Cada mañana, dejaba a Lin Huayu en la escuela y la acompañaba en clase.
Los días que no había clases, visitaba el hospital para ver cómo estaban Oso Negro, Zhao Chengshuang y Huo Pingping.
Para ayudar a Oso Negro a recuperarse antes, Ye Qing le enseñó algunos métodos de Respiración y Meditación.
Al practicar este método con el tiempo, Oso Negro también podría cultivar la Respiración Interna.
Por supuesto, Ye Qing ya tenía una base establecida por el Tercer Maestro Li desde el principio, lo que dificultaba que Oso Negro lo alcanzara, pero aun así mejoraría la fuerza de Oso Negro.
Al mismo tiempo, este método de Respiración y Meditación también podía curar rápidamente las heridas internas, lo que era muy beneficioso para Oso Negro en ese momento.
Después de terminar sus actividades diurnas y dejar a Lin Huayu en casa por la noche, Ye Qing aprendía a conducir con el Viejo Wang.
Tras correr por la Carretera del Anillo de la Ciudad durante varios días, las habilidades de conducción de Ye Qing habían mejorado significativamente.

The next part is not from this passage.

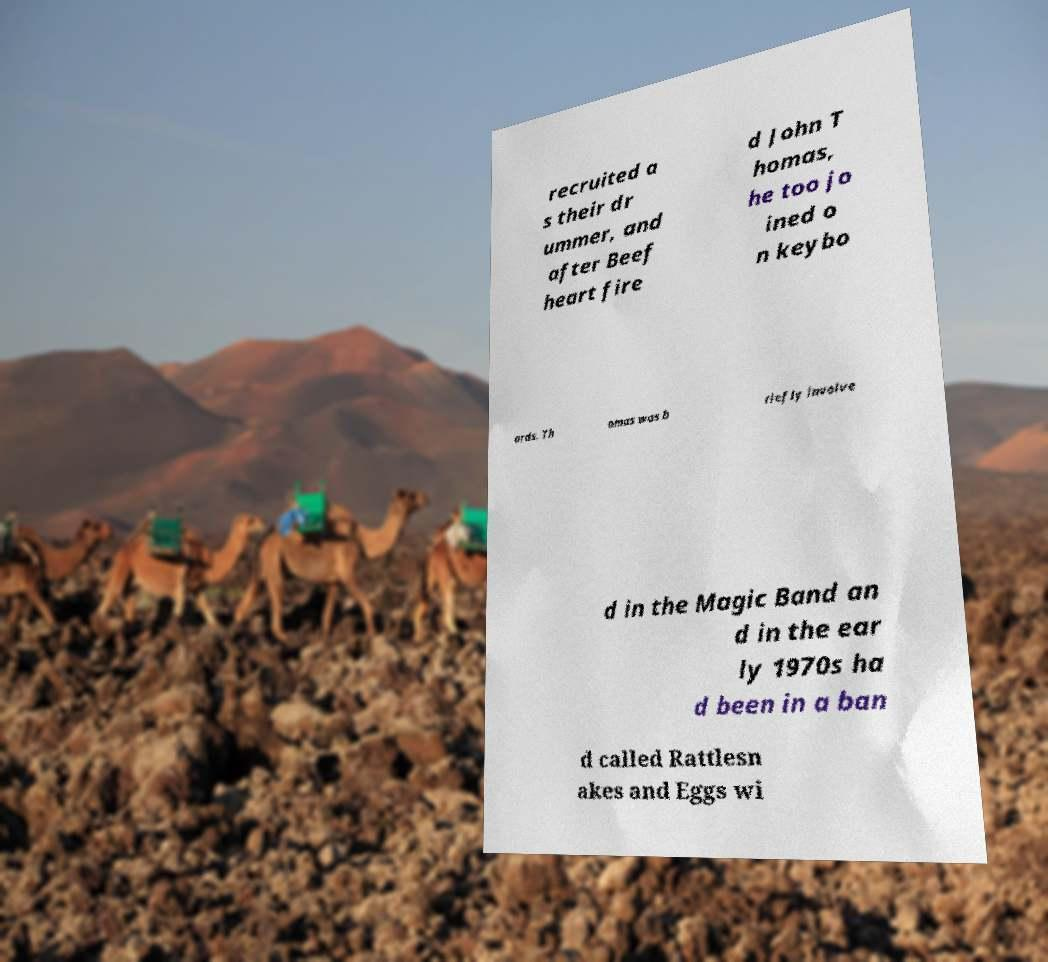Could you assist in decoding the text presented in this image and type it out clearly? recruited a s their dr ummer, and after Beef heart fire d John T homas, he too jo ined o n keybo ards. Th omas was b riefly involve d in the Magic Band an d in the ear ly 1970s ha d been in a ban d called Rattlesn akes and Eggs wi

Al quinto día, Ye Qing ya era capaz de conducir solo por el centro de la ciudad; su progreso fue rápido.
El Viejo Wang estaba asombrado por el talento natural de Ye Qing para conducir y, como había recibido el dinero de Ye Qing, enseñaba con gran esmero, transmitiéndole muchas de las técnicas de las que se había percatado a lo largo de los años.
Esto había hecho que la conducción de Ye Qing fuera cada vez más competente; aparte de no tener licencia de conducir, no tenía ningún problema para circular por la carretera.
En los últimos días, mientras aprendía a conducir, Ye Qing también obtuvo mucha información sobre el Jefe Lin de parte del Viejo Wang.
En la familia Lin, el Jefe Lin era la persona menos favorecida.
La mayoría de los miembros de la familia Lin se dedicaban a actividades legítimas, como el Doctor Divino Lin Tianyou, que era un renombrado sanador benévolo en la Ciudad Shenchuan.
Aunque otros no eran tan famosos como Lin Tianyou, también eran personas respetuosas y rectas.
Los que tenían peor reputación, aunque pudieran vivir a costa de la familia y llevar vidas de derroche, no se involucraban en actividades nefastas.
El Jefe Lin era una excepción; la familia Lin le había asignado negocios para que los gestionara.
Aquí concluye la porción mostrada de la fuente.